Int J Med Sci 2013; 10(9):1092-1098. doi:10.7150/ijms.6251 This issue
1. Department of Traumatology, National Taiwan University Hospital, Taipei, Taiwan;
2. Division of Nephrology, Department of Internal Medicine; National Taiwan University Hospital, Taipei, Taiwan;
3. Division of Nephrology, Department of Internal Medicine, National Taiwan University Hospital Yun-Lin Branch, Yun-Lin County, Taiwan;
4. Division of Nephrology, Department of Internal Medicine, National Taiwan University Hospital Hsin-Chu Branch, Hsin-Chu County, Taiwan;
5. Department of Emergency Medicine, National Taiwan University Hospital, Taipei, Taiwan;
6. Department of Geriatrics and Gerontology, National Taiwan University Hospital, Taipei, Taiwan;
7. Department of Integrative diagnostics and Therapeutics, National Taiwan University Hospital, Taipei, Taiwan.
Introduction: Non-Pseudomonas gram-negative bacteria are responsible for an increasing proportion of cases of peritoneal dialysis (PD)-related peritonitis. The role of Citrobacter species in the etiology of PD-related peritonitis is often underestimated. In the present study, we aimed to describe the clinical features, laboratory findings, and short- and long-term outcomes in PD-related peritonitis caused by Citrobacter.
Methods: A retrospective review of all episodes of PD-related peritonitis caused by Citrobacter from a single center between 1990 and 2010 was performed. Clinical features, microbiological data, and outcomes of these episodes were analyzed.

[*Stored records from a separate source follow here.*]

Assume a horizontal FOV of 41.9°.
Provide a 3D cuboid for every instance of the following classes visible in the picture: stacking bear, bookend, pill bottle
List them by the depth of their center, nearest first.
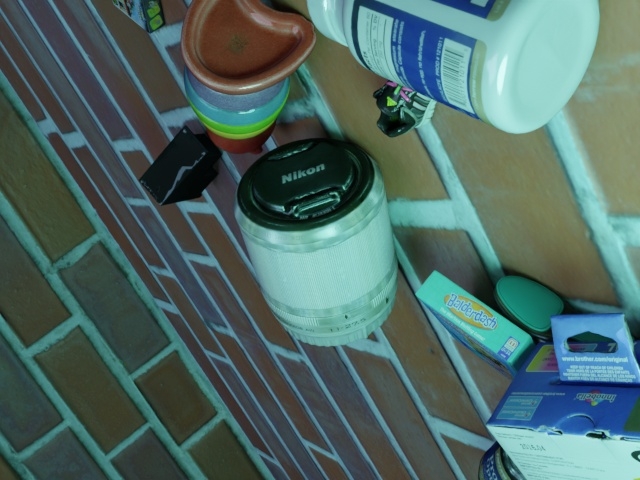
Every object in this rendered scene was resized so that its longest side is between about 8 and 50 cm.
[{"bbox_3d":[0.117,-0.218,0.810,0.265,0.153,0.153,34,151,37],"label":"pill bottle"},{"bbox_3d":[-0.120,-0.224,1.249,0.175,0.164,0.289,34,162,7],"label":"stacking bear"},{"bbox_3d":[0.326,0.340,1.282,0.123,0.123,0.219,44,156,19],"label":"pill bottle"},{"bbox_3d":[-0.259,-0.155,1.690,0.072,0.156,0.157,49,113,8],"label":"bookend"}]

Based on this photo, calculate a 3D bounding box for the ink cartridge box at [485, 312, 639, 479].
[{"bbox_3d":[0.377,0.253,0.932,0.395,0.151,0.270,51,150,-18],"label":"ink cartridge box"}]

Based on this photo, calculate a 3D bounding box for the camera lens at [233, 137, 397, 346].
[{"bbox_3d":[0.000,0.000,1.266,0.219,0.219,0.274,33,151,38],"label":"camera lens"}]

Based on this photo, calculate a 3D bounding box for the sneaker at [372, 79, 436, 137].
[{"bbox_3d":[0.103,-0.181,0.991,0.063,0.075,0.170,44,156,19],"label":"sneaker"}]

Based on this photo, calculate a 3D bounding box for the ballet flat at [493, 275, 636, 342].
[{"bbox_3d":[0.306,0.115,1.060,0.203,0.074,0.074,29,148,39],"label":"ballet flat"}]

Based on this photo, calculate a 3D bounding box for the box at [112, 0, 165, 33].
[{"bbox_3d":[-0.329,-0.467,1.431,0.114,0.036,0.207,41,155,24],"label":"box"}]

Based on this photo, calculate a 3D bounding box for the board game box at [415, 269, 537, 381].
[{"bbox_3d":[0.231,0.133,1.157,0.160,0.047,0.210,37,176,32],"label":"board game box"}]

Results: Citrobacter species was responsible for 11 PD-related episodes (1.8% of all peritonitis episodes) in 8 patients. Citrobacter freundii was the most common etiologic species (73%), and mixed growth was found in the other 3 episodes (27%). Approximately half (46%) of the episodes were associated with constipation and/or diarrhea. Of the Citrobacter isolates from all episodes, 54% were resistant to cefazolin, and only 18% were susceptible to cefmetazole. All isolates were susceptible to ceftazidime, cefepime, carbapenem, and aminoglycosides. More than half of the patients (54%) were hospitalized for index peritonitis, and 27% of the episodes involved a change in antibiotic medication. One patient had relapsing peritonitis caused by C. koseri (9%). The mortality rate of PD-related peritonitis caused by Citrobacter was 18%, and 89% of surviving patients developed technique failure requiring a modality switch after an average of 12 months of follow-up (range 1.2-31.2 months).
Conclusion: PD-related peritonitis caused by Citrobacter is associated with poor outcomes, including high rates of antibiotic resistance, a high mortality rate, and a high rate of technique failure among survivors during the follow-up period.
Keywords: Citrobacter, end-stage renal disease, gram-negative bacteria, peritoneal dialysis, peritonitis.